Your profile helps people recognise you and lets PopIn surface relevant events. None of it is required, but a couple of fields go a long way.
Open the profile editor
Tap your avatar in the top right
From any page in the app, the avatar lives in the top-right corner of the nav.
Choose Profile
From the dropdown that appears.
Tap Edit profile
The Edit button sits next to your avatar on the profile page.
What's worth filling in
| Field | Why bother |
|---|---|
| Profile photo | A face beats a default avatar every time. JPG, PNG, or WebP up to 10MB. |
| Display name | Use the name your friends call you. Separate from your @username and you can change it whenever. |
| Bio | One line is plenty. Skip the jargon. |
| Location | Used for "events near you" suggestions. Never shared without you knowing. |
| Interests | Pick 3-5 tags. We use these to surface events you'd actually want to go to. |
Privacy settings for each field live in Settings → Privacy. Every field has Public / Friends only / Only me. Changes apply immediately and retroactively.
Privacy controls per field
Every profile field has its own visibility setting under Settings → Privacy. The defaults are sensible for most people (display name and username public; date of birth private), but adjust them to your comfort. See Privacy settings explained for the full breakdown.

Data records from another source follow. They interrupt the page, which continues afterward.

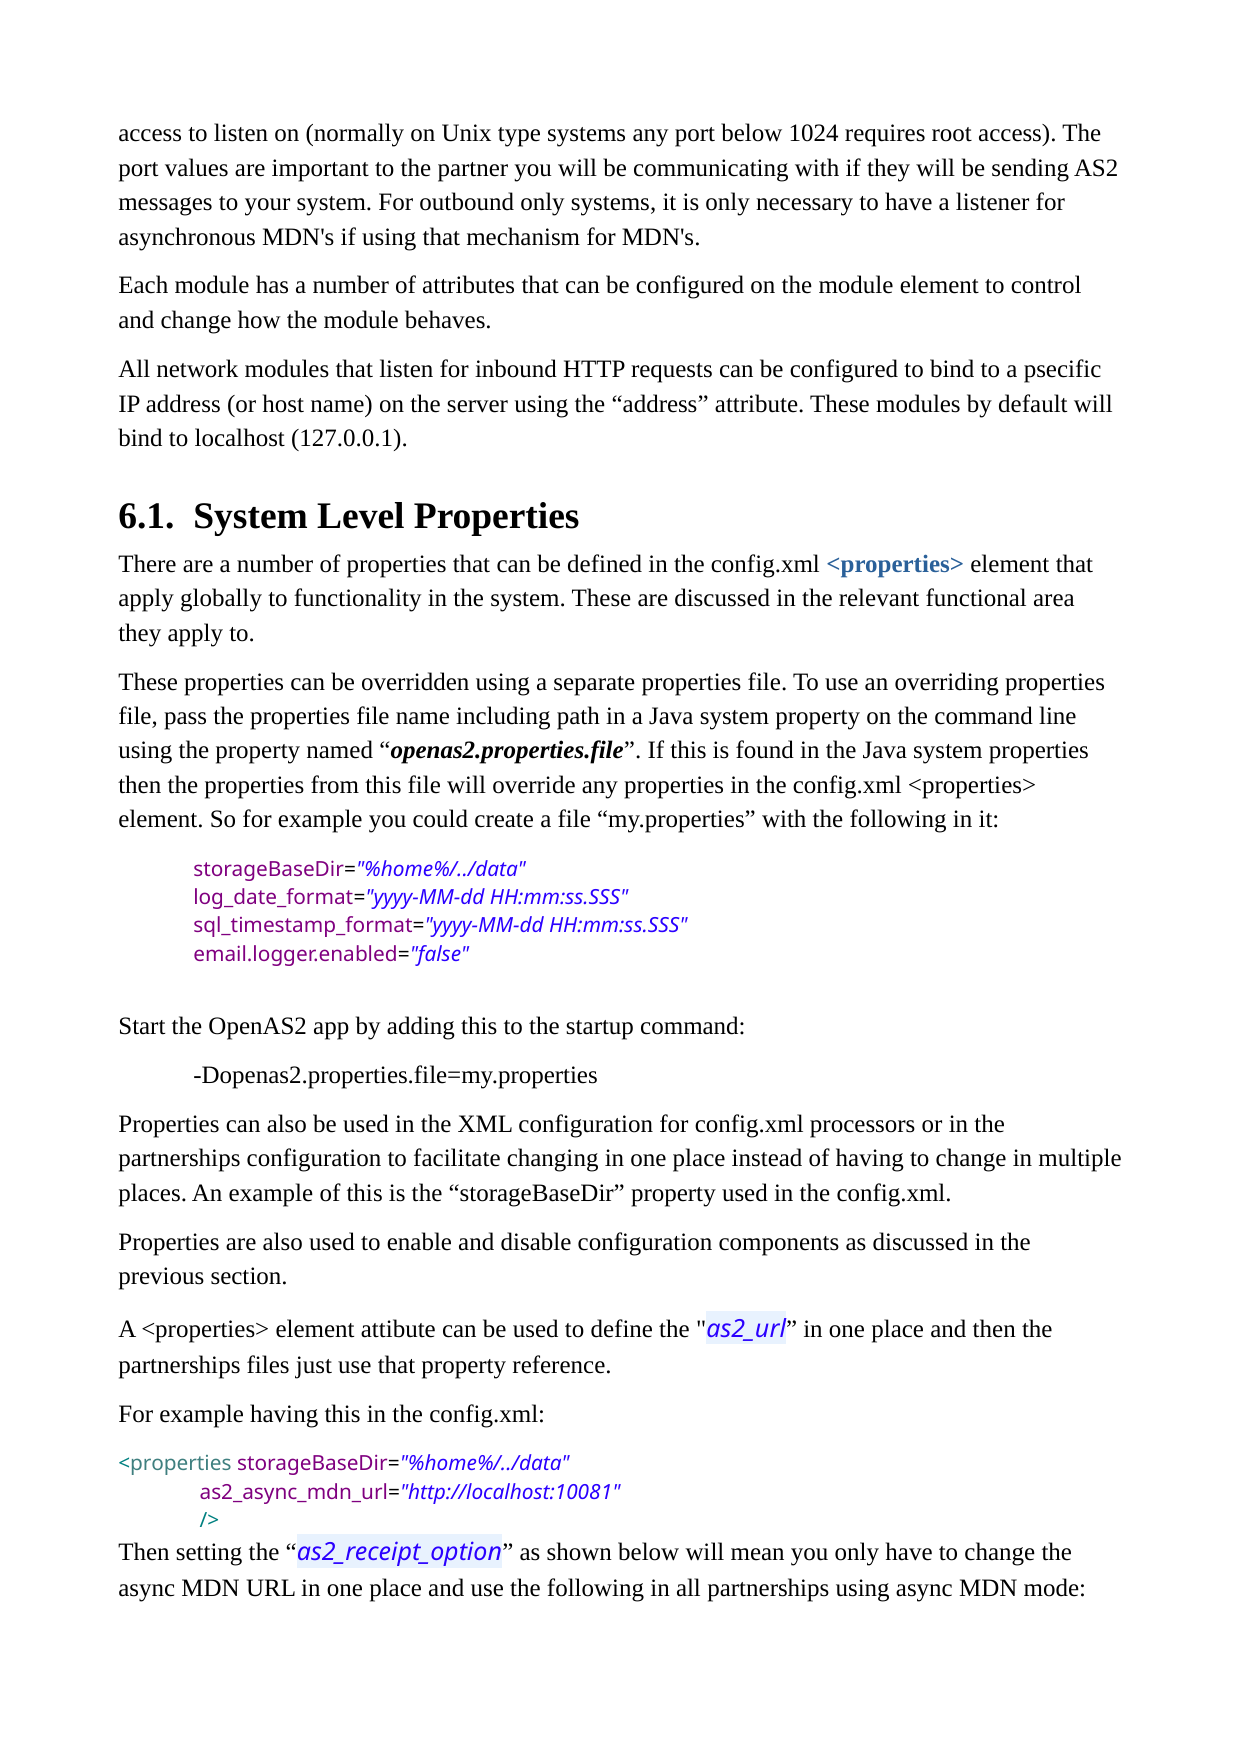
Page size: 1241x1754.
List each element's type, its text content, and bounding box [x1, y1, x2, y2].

subtitle System Level Properties [118, 493, 1122, 536]
text access to listen on (normally on Unix type systems any port below 1024 requires root access). The port values are important to the partner you will be communicating with if they will be sending AS2 messages to your system. For outbound only systems, it is only necessary to have a listener for asynchronous MDN's if using that mechanism for MDN's. [118, 118, 1122, 250]
text A <properties> element attibute can be used to define the "as2_url” in one place and then the partnerships files just use that property reference. [118, 1311, 1122, 1379]
text log_date_format="yyyy-MM-dd HH:mm:ss.SSS" [193, 882, 1122, 911]
text Each module has a number of attributes that can be configured on the module element to control and change how the module behaves. [118, 271, 1122, 334]
text as2_async_mdn_url="http://localhost:10081" [118, 1477, 1122, 1505]
text Then setting the “as2_receipt_option” as shown below will mean you only have to change the async MDN URL in one place and use the following in all partnerships using async MDN mode: [118, 1534, 1122, 1602]
text sql_timestamp_format="yyyy-MM-dd HH:mm:ss.SSS" [193, 911, 1122, 939]
text storageBaseDir="%home%/../data" [193, 854, 1122, 882]
text Start the OpenAS2 app by adding this to the startup command: [118, 1011, 1122, 1039]
text /> [118, 1505, 1122, 1534]
text Properties are also used to enable and disable configuration components as discussed in the previous section. [118, 1227, 1122, 1290]
text There are a number of properties that can be defined in the config.xml <properties> element that apply globally to functionality in the system. These are discussed in the relevant functional area they apply to. [118, 549, 1122, 646]
text These properties can be overridden using a separate properties file. To use an overriding properties file, pass the properties file name including path in a Java system property on the command line using the property named “openas2.properties.file”. If this is found in the Java system properties then the properties from this file will override any properties in the config.xml <properties> element. So for example you could create a file “my.properties” with the following in it: [118, 667, 1122, 833]
text email.logger.enabled="false" [193, 939, 1122, 967]
text <properties storageBaseDir="%home%/../data" [118, 1448, 1122, 1477]
text For example having this in the config.xml: [118, 1399, 1122, 1428]
text All network modules that listen for inbound HTTP requests can be configured to bind to a psecific IP address (or host name) on the server using the “address” attribute. These modules by default will bind to localhost (127.0.0.1). [118, 354, 1122, 452]
text Properties can also be used in the XML configuration for config.xml processors or in the partnerships configuration to facilitate changing in one place instead of having to change in multiple places. An example of this is the “storageBaseDir” property used in the config.xml. [118, 1109, 1122, 1207]
text -Dopenas2.properties.file=my.properties [193, 1060, 1122, 1089]

What "Interests" actually does
Picking 3-5 interest tags helps PopIn surface events you'd actually want to go to, without sharing your interest list with anyone unless you choose to. We don't use interests for advertising profiling. The discovery feed quietly weights events that match your tags higher; that's it.
Changing your username
Your @username is changeable, but you can only do it once every 30 days. Old profile links redirect for 90 days then 404. Mentions of you in posts and DMs keep working because they reference your account ID, not the text.
Profile photo size and crop
PopIn accepts JPG, PNG, or WebP up to 10 MB. The image is cropped to a square for the avatar and resized server-side to several sizes for fast loading on different devices. Face-centred photos read best at the small avatar size that appears on the feed and in comments.